Xiong Qi, Le Kai, Wang Yong, Tang Yunliang, Dong Xiaoyang, Zhong Yuan, Zhou Yao, Feng Zhen
Department of Rehabilitation Medicine, The First Affiliated Hospital of Nanchang University, Nanchang, Jiangxi, China.
Department of Medical Oncology, The First Affiliated Hospital of Nanchang University, Nanchang, Jiangxi, China.
Front Neurosci. 2023 Feb 3;16:1076259. doi: 10.3389/fnins.2022.1076259. eCollection 2022.
This study aimed to establish and validate a prediction model for clinical outcomes in patients with prolonged disorders of consciousness (pDOC).
A total of 170 patients with pDOC enrolled in our rehabilitation unit were included and divided into training ( = 119) and validation sets ( = 51). Independent predictors for improved clinical outcomes were identified by univariate and multivariate logistic regression analyses, and a nomogram model was established. The nomogram performance was quantified using receiver operating curve (ROC) and calibration curves in the training and validated sets. A decision curve analysis (DCA) was performed to evaluate the clinical usefulness of this nomogram model.

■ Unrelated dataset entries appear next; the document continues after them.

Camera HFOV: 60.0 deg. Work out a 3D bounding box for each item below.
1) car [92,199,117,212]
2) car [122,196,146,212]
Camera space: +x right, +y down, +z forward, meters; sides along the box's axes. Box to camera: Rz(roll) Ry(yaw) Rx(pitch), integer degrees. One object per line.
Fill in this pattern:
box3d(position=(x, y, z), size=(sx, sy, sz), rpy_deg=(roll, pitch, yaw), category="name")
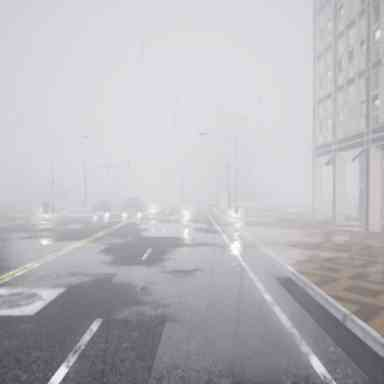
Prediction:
box3d(position=(-9.780, 1.529, 37.521), size=(1.994, 1.385, 4.181), rpy_deg=(0, 0, 0), category="car")
box3d(position=(-6.526, 1.316, 37.767), size=(2.097, 1.767, 4.553), rpy_deg=(0, 0, 0), category="car")

Univariate and multivariate logistic regression analyses indicated that age, diagnosis at entry, serum albumin (g/L), and pupillary reflex were the independent prognostic factors that were used to construct the nomogram. The area under the curve in the training and validation sets was 0.845 and 0.801, respectively. This nomogram model showed good calibration with good consistency between the actual and predicted probabilities of improved outcomes. The DCA demonstrated a higher net benefit in clinical decision-making compared to treating all or none.

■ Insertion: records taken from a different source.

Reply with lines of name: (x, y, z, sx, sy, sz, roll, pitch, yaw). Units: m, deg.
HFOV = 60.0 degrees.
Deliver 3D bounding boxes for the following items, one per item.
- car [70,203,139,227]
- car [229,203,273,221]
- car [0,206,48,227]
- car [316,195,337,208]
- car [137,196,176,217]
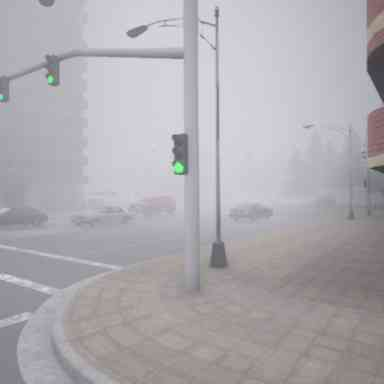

Several feasible, cost-effective prognostic variables that are widely available in hospitals can provide an efficient and accurate prediction model for improved clinical outcomes and support clinicians to offer suitable clinical care and decision-making to patients with pDOC and their family members.
本研究旨在建立并验证一种用于预测长期意识障碍(pDOC)患者临床结局的模型。
纳入在我们康复科登记的170例pDOC患者,并分为训练集(n = 119)和验证集(n = 51)。通过单因素和多因素逻辑回归分析确定改善临床结局的独立预测因素,并建立列线图模型。使用受试者工作特征曲线(ROC)和校准曲线对训练集和验证集中列线图的性能进行量化。进行决策曲线分析(DCA)以评估该列线图模型的临床实用性。
单因素和多因素逻辑回归分析表明,年龄、入院诊断、血清白蛋白(g/L)和瞳孔反射是用于构建列线图的独立预后因素。训练集和验证集中曲线下面积分别为0.845和0.801。该列线图模型显示出良好的校准,实际和预测的改善结局概率之间具有良好的一致性。DCA表明,与全部治疗或不治疗相比,该模型在临床决策中具有更高的净效益。
医院中几种可行、具有成本效益且广泛可用的预后变量可为改善临床结局提供高效准确的预测模型,并支持临床医生为pDOC患者及其家属提供合适的临床护理和决策。